To use the LAPACKE interfaces (standard C interfaces in MKL), you need to add the compilation of the LAPACKE encapsulation library when compiling the open-source Netlib LAPACK. For details, see Migrating the C-based Library.

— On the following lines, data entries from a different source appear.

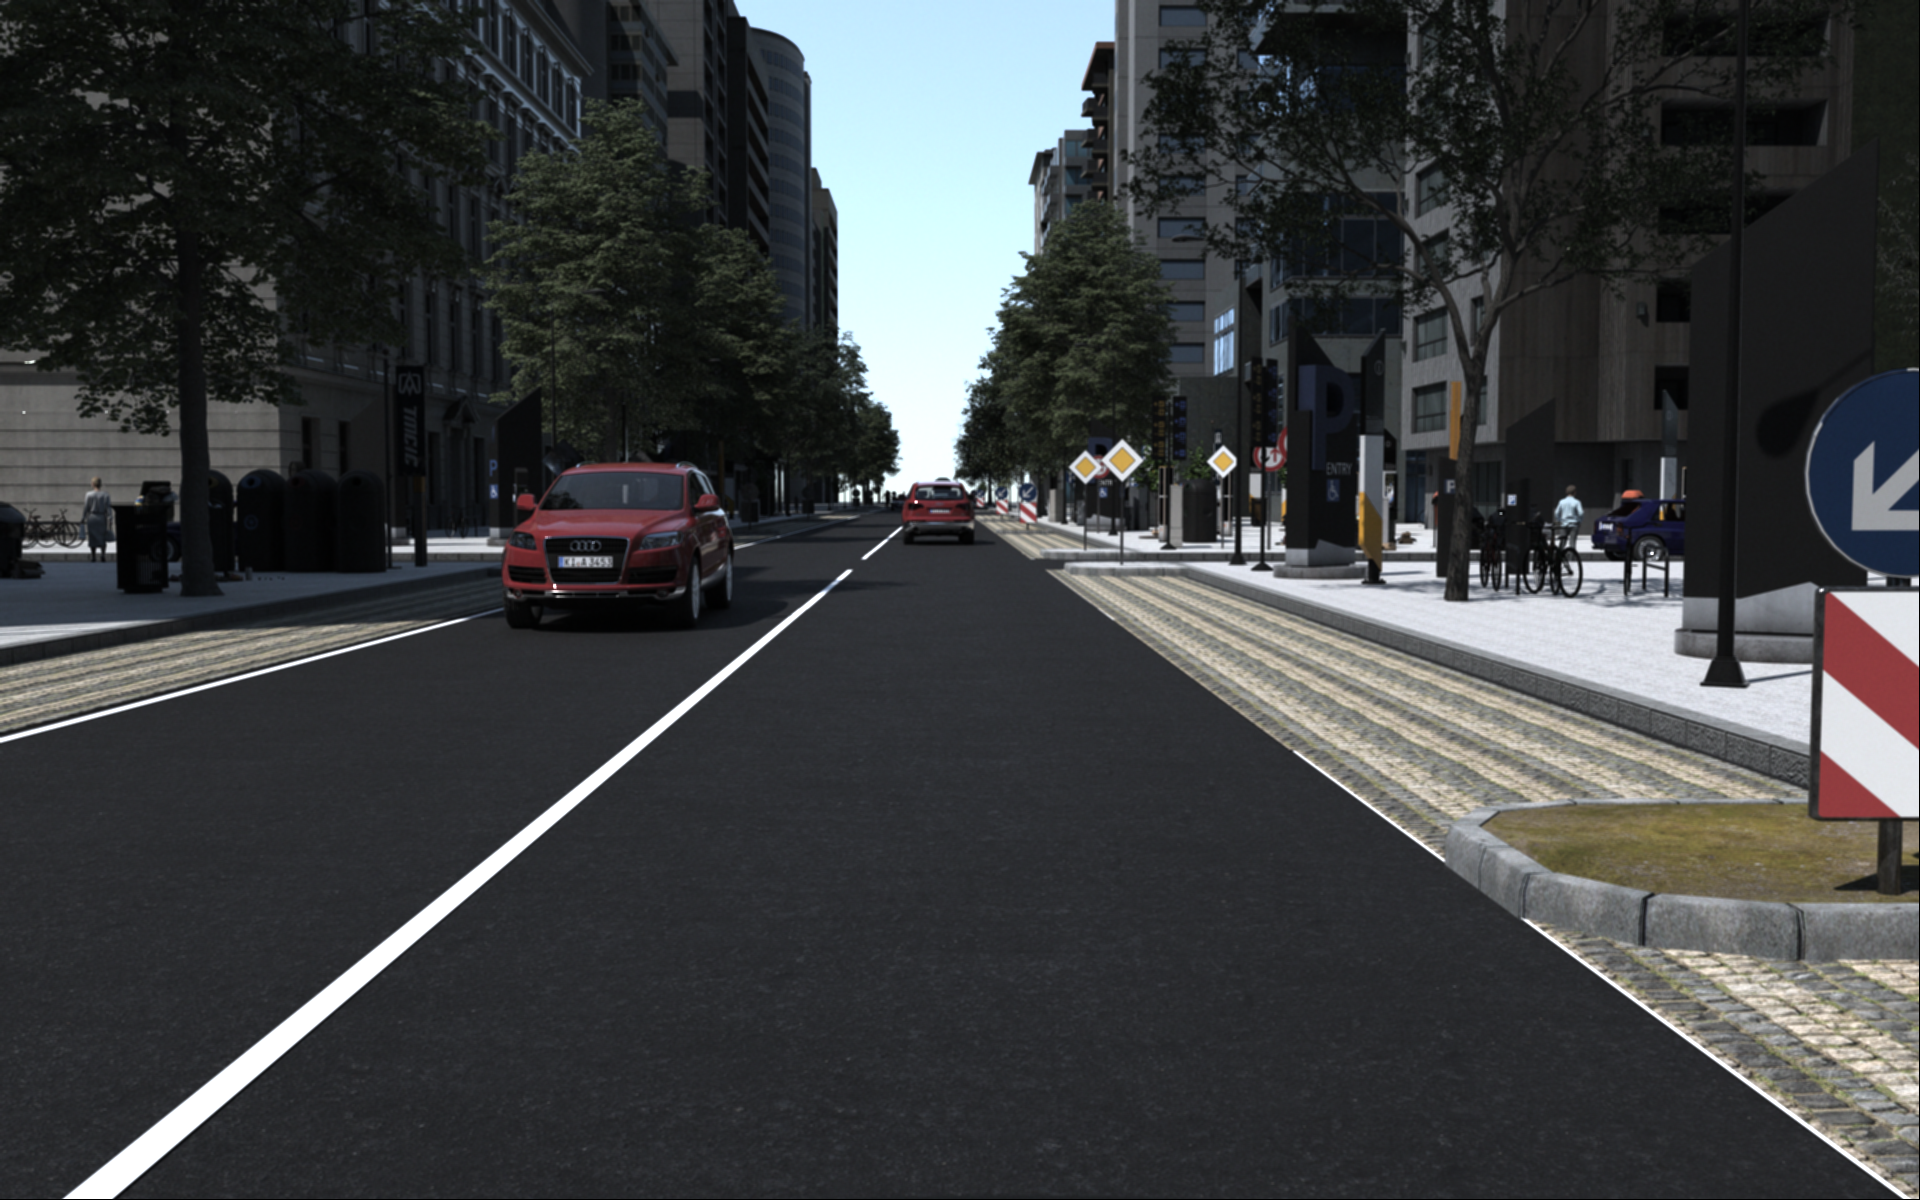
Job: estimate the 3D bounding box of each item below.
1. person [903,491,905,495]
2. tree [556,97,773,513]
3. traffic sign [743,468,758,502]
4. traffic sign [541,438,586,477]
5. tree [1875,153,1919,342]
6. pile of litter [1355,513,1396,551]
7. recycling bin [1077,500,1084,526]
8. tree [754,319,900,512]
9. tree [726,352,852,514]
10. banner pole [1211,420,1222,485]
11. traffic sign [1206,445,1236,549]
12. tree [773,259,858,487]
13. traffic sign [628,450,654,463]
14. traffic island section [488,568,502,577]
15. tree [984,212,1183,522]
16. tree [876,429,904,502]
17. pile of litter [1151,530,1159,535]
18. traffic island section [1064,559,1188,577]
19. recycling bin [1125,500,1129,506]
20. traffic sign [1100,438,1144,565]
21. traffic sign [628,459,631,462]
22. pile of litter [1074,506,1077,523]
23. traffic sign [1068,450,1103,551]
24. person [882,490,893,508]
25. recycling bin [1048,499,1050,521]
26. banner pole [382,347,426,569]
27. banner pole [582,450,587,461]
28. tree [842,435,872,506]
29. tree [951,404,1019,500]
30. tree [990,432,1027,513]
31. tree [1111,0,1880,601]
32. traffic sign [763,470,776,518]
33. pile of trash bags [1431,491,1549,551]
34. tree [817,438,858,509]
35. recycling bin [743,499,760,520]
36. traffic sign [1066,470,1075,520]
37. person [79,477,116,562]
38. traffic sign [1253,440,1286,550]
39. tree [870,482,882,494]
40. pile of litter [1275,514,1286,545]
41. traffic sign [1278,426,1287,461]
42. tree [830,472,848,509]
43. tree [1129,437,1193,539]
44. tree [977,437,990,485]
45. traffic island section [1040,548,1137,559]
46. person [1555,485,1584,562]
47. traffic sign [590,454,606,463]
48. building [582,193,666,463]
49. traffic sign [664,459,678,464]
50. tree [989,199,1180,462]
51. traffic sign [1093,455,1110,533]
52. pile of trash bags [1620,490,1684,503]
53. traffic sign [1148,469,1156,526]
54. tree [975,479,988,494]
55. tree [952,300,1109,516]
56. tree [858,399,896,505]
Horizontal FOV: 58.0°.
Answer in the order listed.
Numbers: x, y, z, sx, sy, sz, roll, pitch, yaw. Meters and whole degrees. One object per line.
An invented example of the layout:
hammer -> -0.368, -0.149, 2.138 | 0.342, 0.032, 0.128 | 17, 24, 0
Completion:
person -> -8.506, -15.643, 263.900 | 0.705, 1.869, 1.348 | 1, 4, 16
tree -> -10.059, -8.047, 49.694 | 7.486, 12.596, 7.792 | 0, 3, 0
traffic sign -> -10.318, -5.216, 85.390 | 0.768, 2.556, 0.104 | 0, 4, 8
traffic sign -> -7.125, -1.683, 31.154 | 0.795, 2.450, 0.064 | 0, 4, -1
tree -> 15.832, -4.615, 25.816 | 4.360, 8.622, 3.978 | 0, 3, 0
pile of litter -> 9.435, -1.579, 39.780 | 1.176, 0.858, 1.719 | 0, 4, 8
recycling bin -> 5.164, -3.505, 69.865 | 0.722, 1.027, 0.722 | 2, 4, 25
tree -> -11.068, -13.450, 126.559 | 9.857, 13.997, 8.962 | 0, 3, 0
tree -> -10.913, -10.717, 109.637 | 8.767, 10.594, 7.601 | 0, 4, 2
banner pole -> 8.669, -4.205, 58.773 | 0.401, 3.779, 0.863 | -1, 4, -21
traffic sign -> 6.152, -2.406, 40.528 | 0.795, 2.450, 0.064 | 0, 4, 4
tree -> -9.830, -9.490, 73.292 | 7.486, 12.596, 7.792 | 0, 3, 0
traffic sign -> -7.207, -2.171, 39.139 | 0.795, 2.450, 0.064 | 0, 4, -1
traffic island section -> -7.148, -0.546, 31.215 | 2.009, 0.180, 2.903 | 0, 4, -1
tree -> 5.468, -10.593, 79.852 | 9.857, 13.997, 8.962 | 0, 3, 0
tree -> -12.528, -20.925, 267.874 | 9.928, 11.665, 9.643 | 0, 3, 0
pile of litter -> 6.507, -2.425, 53.618 | 1.176, 0.858, 1.719 | 0, 4, 6
traffic island section -> 2.943, -0.552, 31.314 | 2.009, 0.180, 2.903 | 0, 4, -1
recycling bin -> 6.906, -3.481, 69.468 | 0.722, 1.027, 0.722 | -2, 4, -25
traffic sign -> 2.919, -1.688, 31.237 | 0.795, 2.450, 0.064 | 0, 4, -1
traffic sign -> -11.835, -3.818, 62.530 | 0.768, 2.556, 0.104 | 0, 4, 5
pile of litter -> 5.522, -3.788, 75.897 | 1.176, 0.858, 1.719 | 2, 4, 25
traffic sign -> 2.837, -2.176, 39.221 | 0.795, 2.450, 0.064 | 0, 4, -1
person -> -7.236, -10.013, 172.175 | 1.348, 1.831, 0.705 | 2, 4, 24
recycling bin -> 4.601, -4.249, 82.028 | 0.722, 1.027, 0.722 | 1, 4, 21
banner pole -> -9.580, -2.428, 29.721 | 0.863, 3.779, 0.401 | -1, 4, -10
banner pole -> -15.839, -5.082, 73.103 | 0.401, 3.779, 0.863 | 0, 4, 6
tree -> -11.730, -14.625, 189.483 | 4.737, 8.622, 4.395 | 0, 3, 0
tree -> 4.119, -16.459, 179.467 | 12.009, 13.543, 11.850 | 0, 3, 0
tree -> 4.975, -11.654, 140.899 | 4.737, 8.622, 4.395 | 0, 3, 0
tree -> 5.895, -5.245, 20.169 | 8.767, 10.594, 7.601 | 1, 4, 8
traffic sign -> -10.053, -5.560, 91.008 | 0.768, 2.556, 0.104 | 0, 4, 4
pile of trash bags -> 12.132, -1.874, 40.386 | 1.912, 1.369, 3.447 | -1, 4, -21
tree -> -10.648, -11.916, 145.187 | 4.360, 8.622, 3.978 | 0, 3, 0
recycling bin -> -10.476, -4.548, 86.906 | 0.722, 1.027, 0.722 | -1, 4, -21
traffic sign -> 5.532, -5.256, 86.037 | 0.768, 2.556, 0.104 | 0, 4, 5
person -> -17.455, -1.598, 34.981 | 0.694, 1.780, 0.624 | -1, 4, -18
traffic sign -> 7.102, -2.425, 39.751 | 0.768, 2.556, 0.104 | 0, 4, 5
tree -> -11.960, -15.655, 250.552 | 1.663, 3.219, 1.824 | 0, 3, 0
pile of litter -> 8.545, -1.805, 43.473 | 1.176, 0.858, 1.719 | 0, 4, -4
traffic sign -> 5.933, -1.847, 30.311 | 0.768, 2.556, 0.104 | 0, 4, 4
tree -> -10.752, -9.483, 149.649 | 1.663, 3.219, 1.824 | 0, 3, 0
tree -> 5.560, -3.399, 50.173 | 1.663, 3.219, 1.824 | 0, 3, 0
tree -> 3.975, -12.575, 155.956 | 4.737, 8.622, 4.395 | 0, 3, 0
traffic island section -> 2.861, -1.041, 39.299 | 2.009, 0.180, 2.903 | 0, 4, -1
person -> 12.028, -1.458, 34.155 | 0.330, 1.601, 0.589 | -3, 5, -43
traffic sign -> -11.315, -3.334, 54.610 | 0.768, 2.556, 0.104 | 0, 4, 2
building -> -23.298, -14.393, 99.956 | 10.561, 19.102, 19.286 | 0, 4, -1
traffic sign -> -10.528, -3.862, 63.253 | 0.768, 2.556, 0.104 | 0, 4, 5
tree -> 4.842, -9.129, 67.388 | 7.486, 12.596, 7.792 | 0, 3, 0
traffic sign -> 4.532, -3.461, 56.698 | 0.768, 2.556, 0.104 | 0, 4, 3
pile of trash bags -> 16.784, -1.935, 41.397 | 3.447, 1.369, 1.912 | -3, 5, -42
traffic sign -> 6.377, -3.371, 56.307 | 0.795, 2.450, 0.064 | 0, 4, 2
tree -> 2.983, -15.493, 247.913 | 1.663, 3.219, 1.824 | 0, 3, 0
tree -> 4.677, -11.279, 101.419 | 9.611, 12.733, 9.660 | 0, 3, 0
tree -> -11.013, -17.569, 205.378 | 7.486, 12.596, 7.792 | 0, 3, 0

Migrating the C-based Library
- MKL_LAPACK provides Fortran and LAPACK (encapsulated in the C language) interfaces. The Fortran interfaces provided by KML_LAPACK are the same as those provided by MKL. When the C language is used, replace the header file #include "mkl.h" with #include "klapack.h".
Example:
Use the Fortran interface before the migration:
/* Declare the dgetrf interface */
void dgetrf_(int *m, int *n, double *a, int *lda, int *ipiv, int *info);
......
int m = 4;
int n = 4;
int lda = 4;
int ipiv[4];
int info = 0;
double a[] = {1.80, 5.25, 1.58, -1.11,
2.88, -2.95, -2.69, -0.66,
2.05, -0.95, -2.90, -0.59,
-0.89, -3.80, -1.04, 0.80};
dgetrf_(&m, &n, a, &lda, ipiv, &info);
Use the LAPACKE interface before the migration:
#include "mkl.h"
......
int m = 4;
int n = 4;
int lda = 4;
int ipiv[4];
double a[] = {1.80, 5.25, 1.58, -1.11,
2.88, -2.95, -2.69, -0.66,
2.05, -0.95, -2.90, -0.59,
-0.89, -3.80, -1.04, 0.80};
int info = LAPACKE_dgetrf(LAPACK_COL_MAJOR, m, n, a, lda, ipiv);
Use the Fortran interface of KML_LAPACK after the migration:
#include "klapack.h"
......
int m = 4;
int n = 4;
int lda = 4;
int ipiv[4];
int info = 0;
double a[] = {1.80, 5.25, 1.58, -1.11,
2.88, -2.95, -2.69, -0.66,
2.05, -0.95, -2.90, -0.59,
-0.89, -3.80, -1.04, 0.80};
dgetrf_(&m, &n, a, &lda, ipiv, &info);
Similar to the Fortran interface of MKL, the C function declaration of the Fortran interface can be obtained by including klapack.h.
Migrating the Fortran-based Library
The Fortran interfaces are the same as those of MKL. The code does not need to be modified.